Hug Blog Day #4

Got my hugs in later in the day and all within an hour. I wonder how I can spread these out through the day. Got a bonus hug from the kid today, normally I don’t see her on Thursdays… hooray for volleyball games!

The other hugs. I went in to work (ComedyCity. Last night was Stand-up comedy night.) Got a hug from Owen Boardman, stand-up comedian, improvisor, writer and friend. He actually approached me and asked if I had met my hug quota for the day. The initiation on his part was nice.

Third hug Rochelle Allen. She was just coming to see the show. She came in with friends, saw me and said “Oh, I’ve got to hug this guy.” while in the hug she said, “Oh, that’s right, you’re doing that hug project thing.” Which made me thing what she said earlier was either a sincere need to hug me, or she was subliminally tricked by knowing about this project. Either way, good hug.

Then I just went forward with her group. Hugged her roommate, who I had by chance met the other day at the dentist office, so we weren’t total strangers. Then I hugged her roommate’s boyfriend who was there too. He have me a one-arm “man hug” but I went all in. Not sure how he ultimately felt about it.

We had a brief talk about how women are better than men at hugging. Rochelle believes it’s because boys are taught not to touch people. I said I think it’s because women are squishier in general. We’re probably both right.

I was at my quota, and leaving for the night, but saw Aaron Kornowski (friend and musician) coming in to perform the post-show. I just went in for the hug as a way of saying “Hi.” Don’t know if he knows about the project or not. I just took the hug. Took it! He didn’t seem to mind, he laughed about it, actually.

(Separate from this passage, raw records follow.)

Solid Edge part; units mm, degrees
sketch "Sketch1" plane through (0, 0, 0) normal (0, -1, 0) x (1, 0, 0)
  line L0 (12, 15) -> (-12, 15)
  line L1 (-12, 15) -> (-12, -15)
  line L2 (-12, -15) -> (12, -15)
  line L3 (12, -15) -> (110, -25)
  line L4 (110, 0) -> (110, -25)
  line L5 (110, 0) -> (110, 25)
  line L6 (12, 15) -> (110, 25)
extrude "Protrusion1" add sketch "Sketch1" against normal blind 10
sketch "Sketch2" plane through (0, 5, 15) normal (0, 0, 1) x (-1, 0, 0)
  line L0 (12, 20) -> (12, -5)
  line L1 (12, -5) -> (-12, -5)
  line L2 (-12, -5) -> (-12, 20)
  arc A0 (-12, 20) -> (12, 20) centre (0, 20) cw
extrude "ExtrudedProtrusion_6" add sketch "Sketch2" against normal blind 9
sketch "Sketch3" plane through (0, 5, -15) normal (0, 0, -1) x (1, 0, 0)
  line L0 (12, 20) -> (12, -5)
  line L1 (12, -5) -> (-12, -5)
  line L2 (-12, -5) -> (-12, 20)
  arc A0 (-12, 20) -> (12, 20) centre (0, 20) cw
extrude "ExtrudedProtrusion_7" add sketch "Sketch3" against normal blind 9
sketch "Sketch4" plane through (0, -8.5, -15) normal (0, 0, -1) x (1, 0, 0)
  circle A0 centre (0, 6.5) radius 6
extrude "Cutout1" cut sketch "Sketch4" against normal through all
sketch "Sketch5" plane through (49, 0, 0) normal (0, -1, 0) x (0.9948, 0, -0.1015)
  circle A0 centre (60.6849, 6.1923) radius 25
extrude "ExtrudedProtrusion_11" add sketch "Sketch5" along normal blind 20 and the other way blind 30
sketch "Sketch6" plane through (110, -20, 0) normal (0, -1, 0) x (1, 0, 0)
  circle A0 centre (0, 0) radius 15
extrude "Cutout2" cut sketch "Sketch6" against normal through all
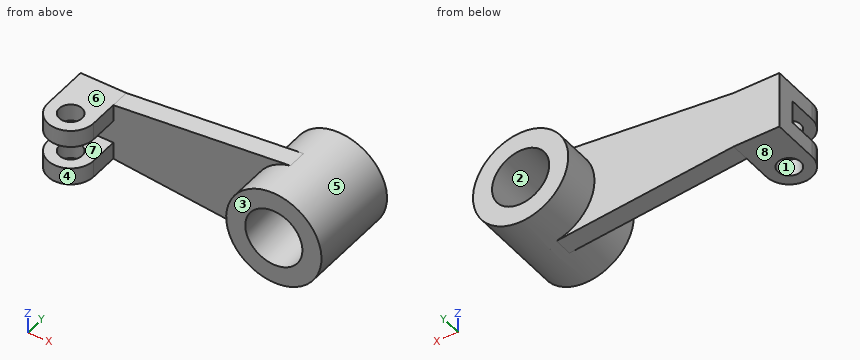
Geometry check sheet. Reference: the model listing, model coordinates, mm. Face numbers are marked on the shaded views. A direction names the side the tool comes from. Give positions to 0.01 mm unless a question says otherwise; leave off trailing zeros. Loops run counter-clockwise (first coordinate to the right, second up) from the corner with the lowest first, then second, coordinate; pieces in that order, holes last. Notation, with made-up numbers: (52, 79.5) - (102, 79.5) arc R14 ccw to (102, 96.5) - close; hole circle Ø5 at (-32.75, 72). An arc over 180 degrees is marked (long way). Use CSV: the item, a comma, the result in double quotes. Start each with the question number.
Q1. Section check D-D, the plane x = 122.5. Record the cut outline in (y, z), and give its area (3 significant figures).
Q2. Go/stop test with flat-tipped pins: pin 1 Ø25 at (x, z) = (119.5, -7.5) entering from -Y; pin 2 Ø10 at (y, z) = (-6, 6.5) entering from +X (3 decimals); pin 3 Ø4 at (x, y) = (65.5, 5) entering from +Z; pin 4 Ø12 at (y, z) = (-4, -17.5) entering from -X. Record where each tip stops, or that it passes through.
Q3. Section check C-C, the plane x = 0. Record the cut outline in (y, z), and give its area (3 significant figures).
Q4. Release check for a two-part mould opening along Y. For the marked faces 1, 2 and 3 record: +Y half, -Y half, draft (parallel to the pull), parting line (faces both ways), or undercut.
Q5. Section check B-B, the plane z = 0. Record the cut outline in (x, y), and give its area (3 significant figures).
Q6. Access from +Z, -Z, +X, -X, +Y, -Y to the whole of each face (thin tool, end or side, straight path). Record for the marked faces 4, 5, 6, 7 and 8.
Q7. Scan lines: probe 1 along Y at (x, z) = (0, -13); probe 2 along Z at (x, y) = (110, -4.5); probe 3 along Y at (x, z) = (19.5, -8). Record each from-to range of solid material in increasing order. Write a range as from..to.
Findings below:
1,outline,"(-20, -21.65) - (30, -21.65) - (30, -8.29) - (-20, -8.29) - close; (-20, 8.29) - (30, 8.29) - (30, 21.65) - (-20, 21.65) - close"
1,area,"1,340 mm^2"
2,pin 1,"stops at y = -20"
2,pin 2,"stops at x = 134.955"
2,pin 3,"stops at z = 20.66"
2,pin 4,"stops at x = -12"
3,outline,"(-27, -15) - (-21, -15) - (-21, -6) - (-27, -6) - close; (-27, 6) - (-21, 6) - (-21, 15) - (-27, 15) - close; (-9, -15) - (10, -15) - (10, 15) - (-9, 15) - (-9, 6) - (0, 6) - (0, -6) - (-9, -6) - close"
3,area,"570 mm^2"
4,face 1,"undercut"
4,face 2,"draft"
4,face 3,"-Y half"
5,outline,"(-12, 0) - (85, 0) - (85, -20) - (95, -20) - (95, 30) - (85, 30) - (85, 10) - (-12, 10) - close; (125, -20) - (135, -20) - (135, 30) - (125, 30) - close"
5,area,"1,970 mm^2"
6,face 4,"+Z, -Z, -Y"
6,face 5,"none"
6,face 6,"+Z, -X, +Y, -Y"
6,face 7,"-X, -Y"
6,face 8,"-Z, -X, +Y, -Y"
7,probe 1,"y = -27..-21, -9..10"
7,probe 2,"z = -25..-15, 15..25"
7,probe 3,"y = 0..10"

So, really I ended up with 3 hugs that I initiated without really asking for consent. But, they were all received well enough. And, really, is a free hug that bad of a thing?

Went home and later felt lonely… well, I live alone, so not surprising. What was interesting was that I felt lonely, but not the sad desperate lonely I’ve felt before. Difficult to explain. I’ll talk about this more in upcoming blogs. Loneliness and being alone is an ongoing theme with this project.